Baca: STIP Dinilai Mengingkari Janji
Menurut Doni, dalam pandangan senior, disiplin adalah modal utama menyelamatkan orang lain. Tidak disiplin, bisa mencelakakan orang banyak di tengah samudra. Padahal, kata Doni, disiplin hanya salah satu mekanisme. Ketika berkaca mereka tengah belajar di lembaga pendidikan kedinasan, maka hal utama adalah prinsip pelayanan publik.
“Dalam arti, hasil pendidikan itu kelak digunakan untuk membantu dan menjamin keselamatan orang lain. Bukan justru mencelakai,” kata Doni.
Dalam menanamkan nilai kedisiplinan, kata Doni, wajib disertai visi moral. “Istilahnya,
fortiter in re, suaviter in modo. Tegas di dalam prinsip,” kata dia.
Reformasi secara keseluruhan dalam sekolah kedinasan menjadi tawaran terbaik. Meski dianggap tidak bermasalah, mewarnai padu padan di dalamnya tidak hanya bercorak militeristik makin tampak diperlukan.
“Kurikulum yang bisa menghaluskan budi sangat dibutuhkan,” kata Doni.
Mengapa berulang?
Sosiolog Universitas Indonesia (UI), Devi Rachmawati, mengatakan, kekerasan pendidikan memang tidak hanya terjadi dan ditemukan di Indonesia. Di negara-negara maju, hal serupa masih dianggap ancaman.
“Bedanya, negara maju mengawal proses penghapusan kekerasan secara serius. Misalnya, mendirikan lembaga riset khusus, atau menegaskan aturan terkait
College Hazing (perpeloncoan),” kata Devi, kepada
Metrotvnews.com, Kamis (12/1/2017).
Devi menceritakan, dari hasil riset yang terus dikembangkan itu, masyarakat luas diberitahukan tentang apa-apa yang boleh diwajarkan dan tidak dalam sebuah lembaga pendidikan. “Karena sebelumnya, ada riset menunjukan 44% anak AS tidak paham bahwa perpeloncoan dilarang,” kata dia.

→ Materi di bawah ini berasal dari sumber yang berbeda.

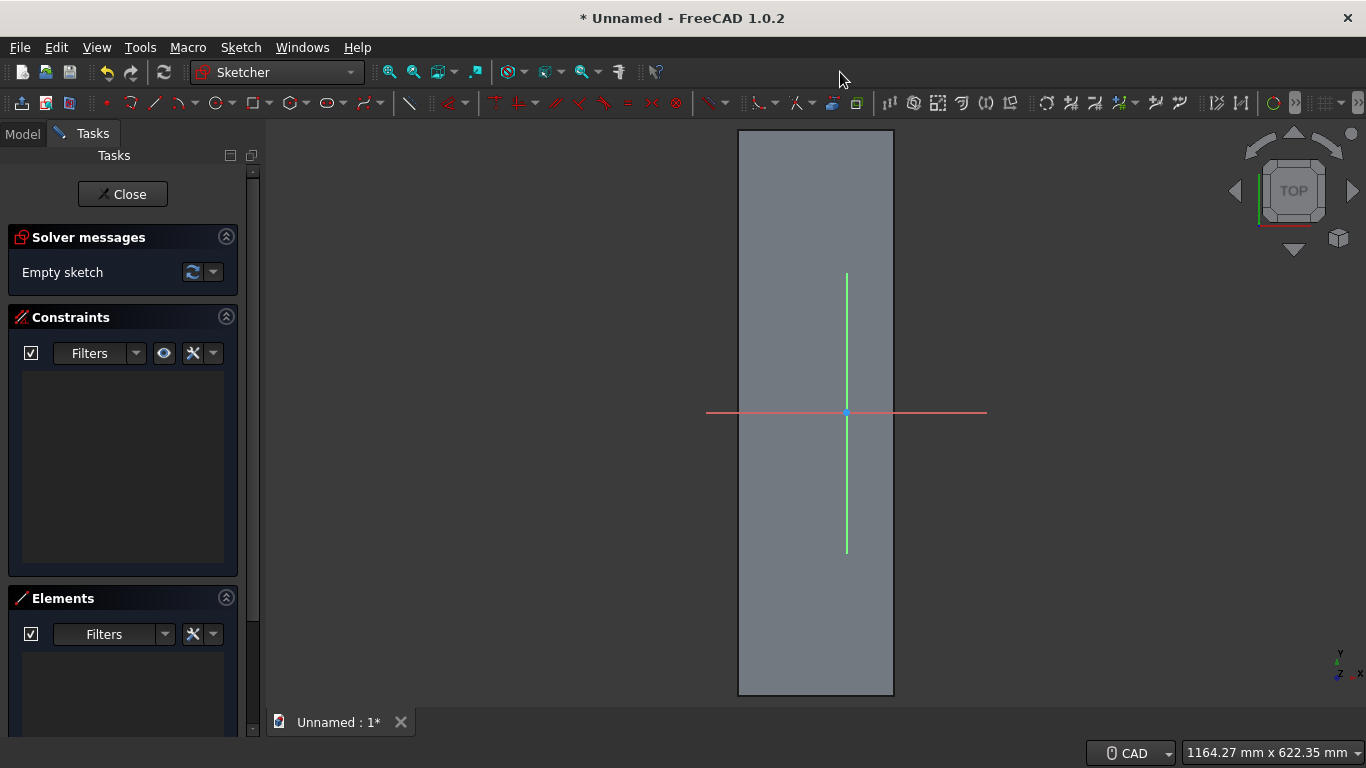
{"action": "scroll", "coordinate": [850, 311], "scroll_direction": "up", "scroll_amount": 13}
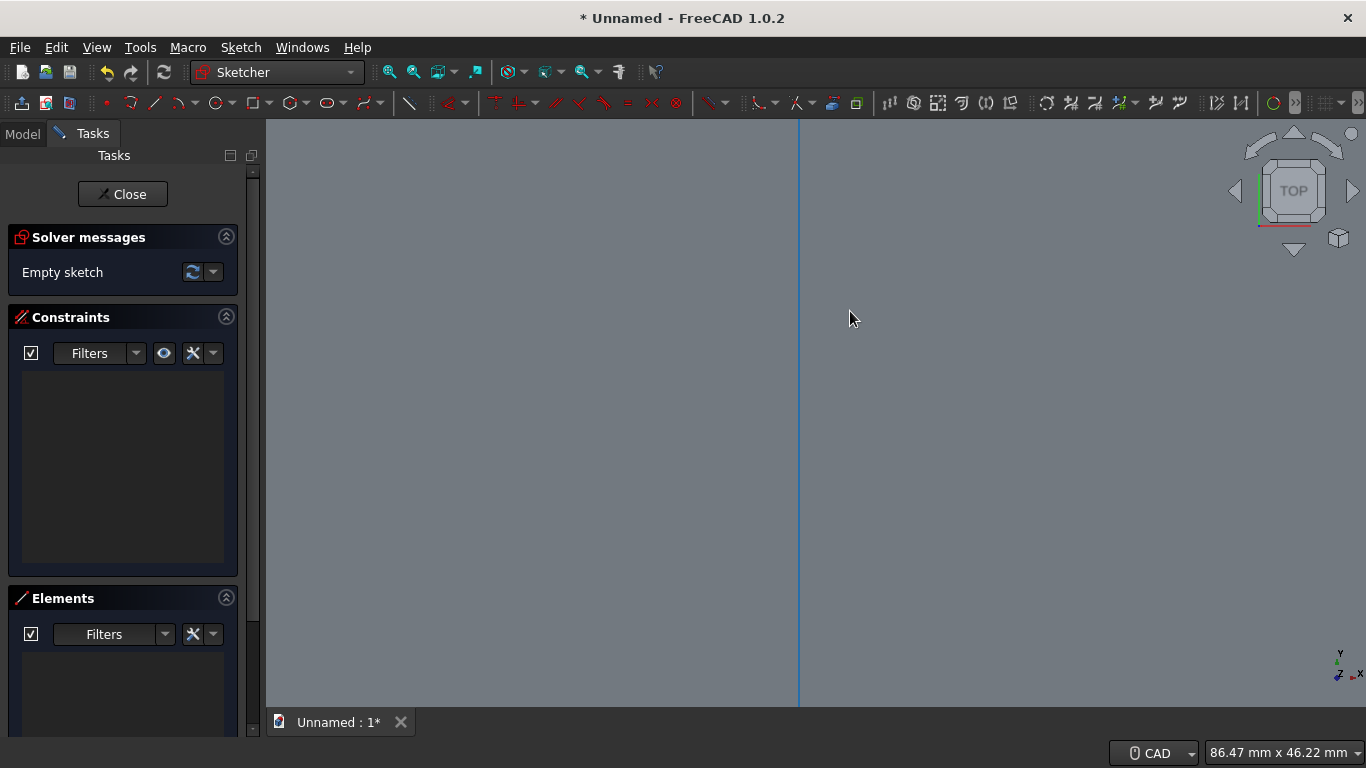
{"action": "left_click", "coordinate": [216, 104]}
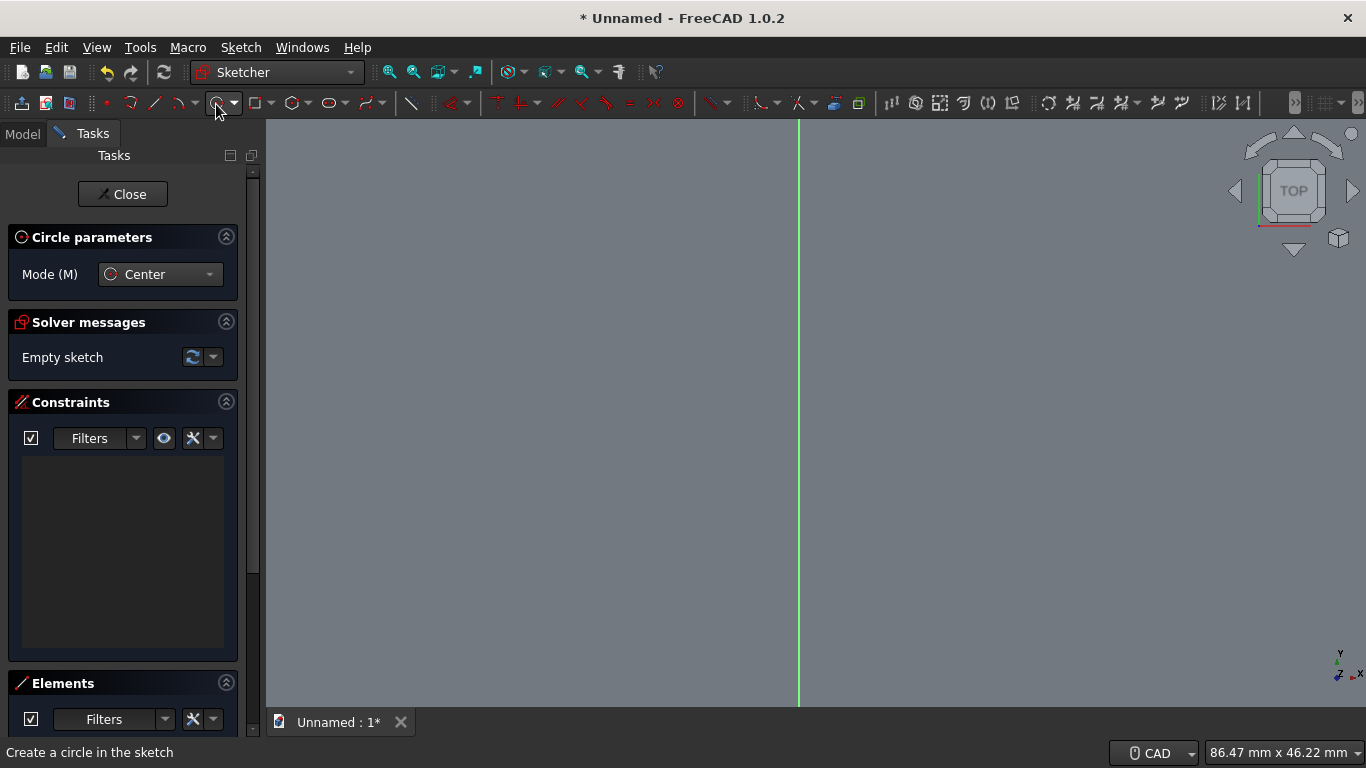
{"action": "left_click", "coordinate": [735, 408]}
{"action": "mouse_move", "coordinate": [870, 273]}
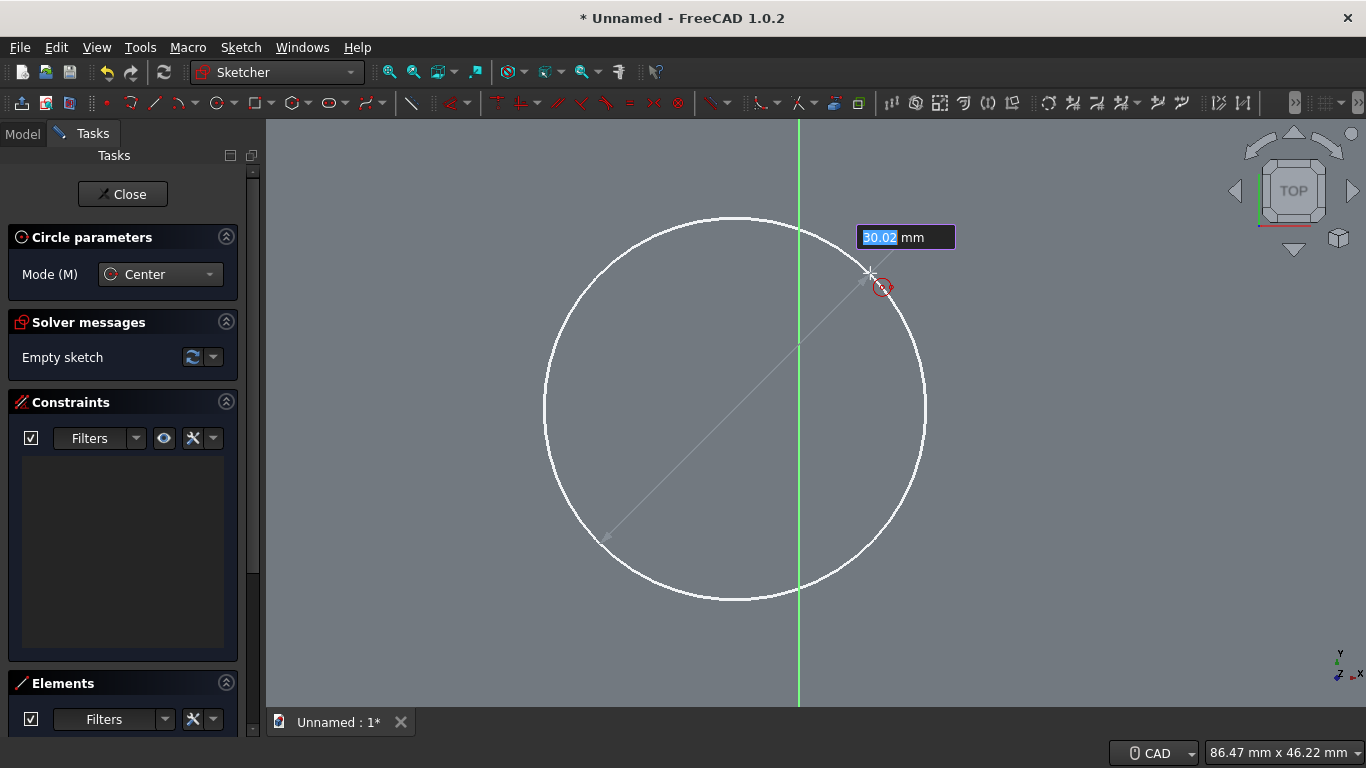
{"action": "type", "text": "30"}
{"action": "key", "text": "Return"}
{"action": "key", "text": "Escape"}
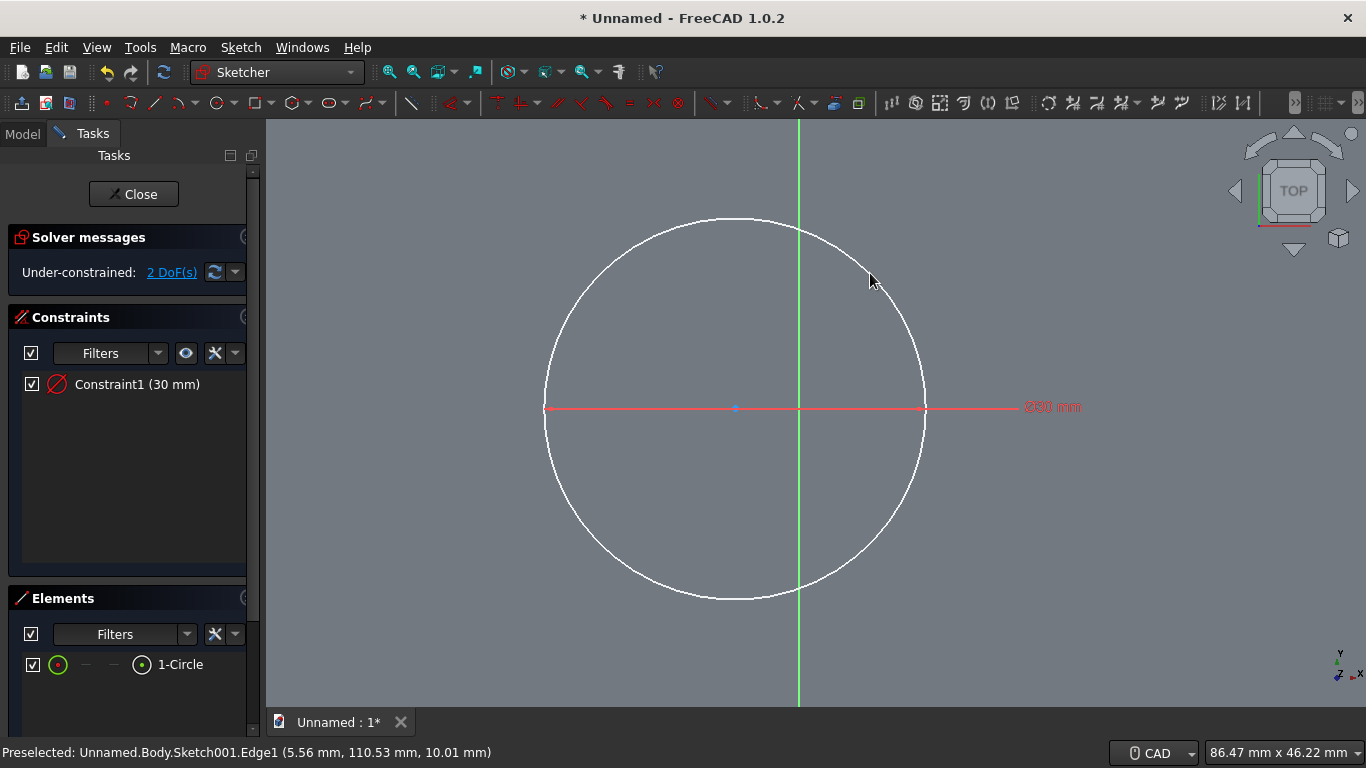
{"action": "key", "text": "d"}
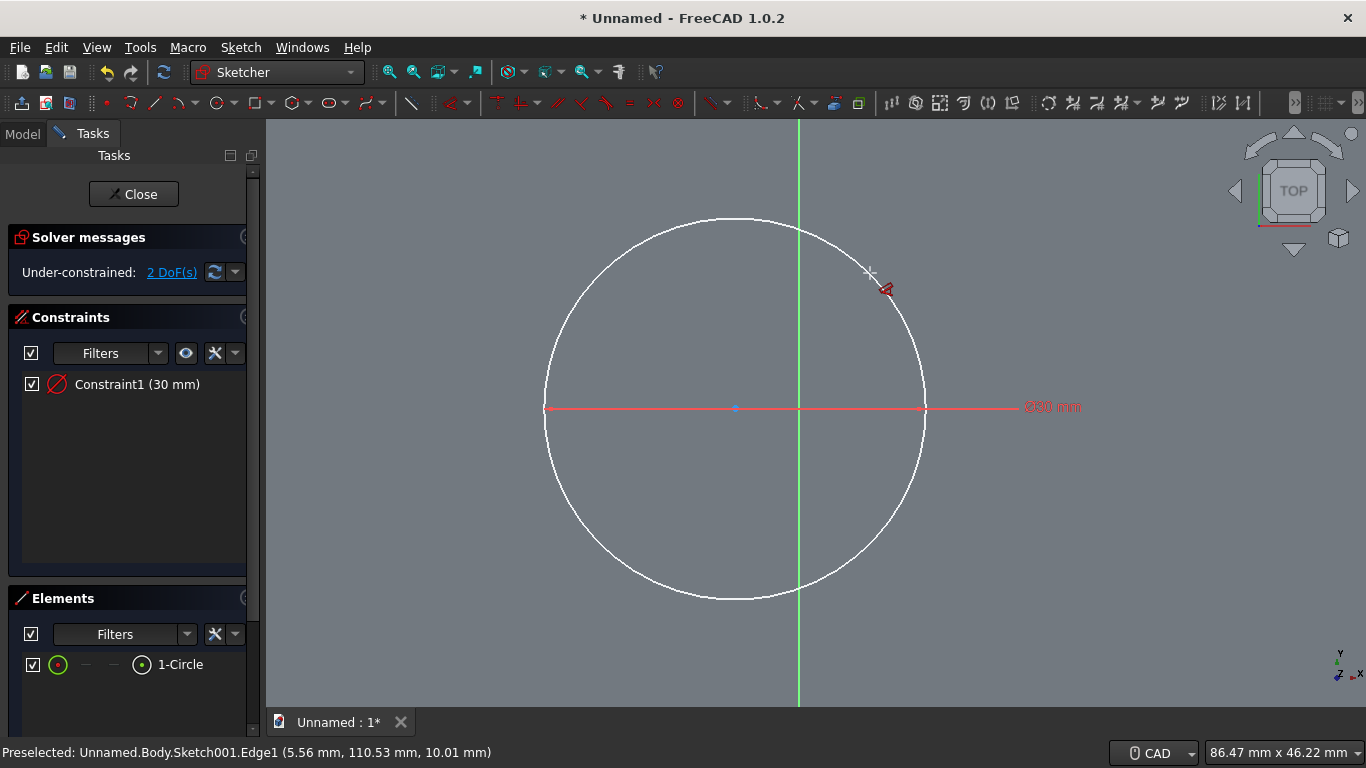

Keseriusan negara lain dalam memberangus kekerasan ini ditunjukkan dengan frekuensi kejadian yang tidak berdekatan. Sementara di Indonesia, kasus itu bisa ditemukan hampir di setiap tahun pelajaran.
Baca: STIP Mengakui Kecolongan
“Sebut saja di Cornell University, peristiwa kekerasan terjadi pada 1873. Tapi, insiden serupa baru ditemukan lagi pada 2011 kemarin,” ujar dia.
Faktor keberulangan perkara ini bisa juga disumbang calon korban. Misalnya, kekerasan demi kekerasan yang terjadi atas nama senioritas itu tidak lekas diadukan atau disuarakan sebelum fatal.
Korban cenderung diam. Karena dari sisi sosiologis ada pemahaman dari korban bahwa rasa sakit dari kekerasan itu cuma bersifat sementara, tidak seberapa dengan kenyamanan dan keindahan yang akan diperoleh setelah bergabung, naik tingkat, atau mendapatkan identitas. “Ini yang kemudian membuatnya terus berulang. Seperti dendam,” kata Devi.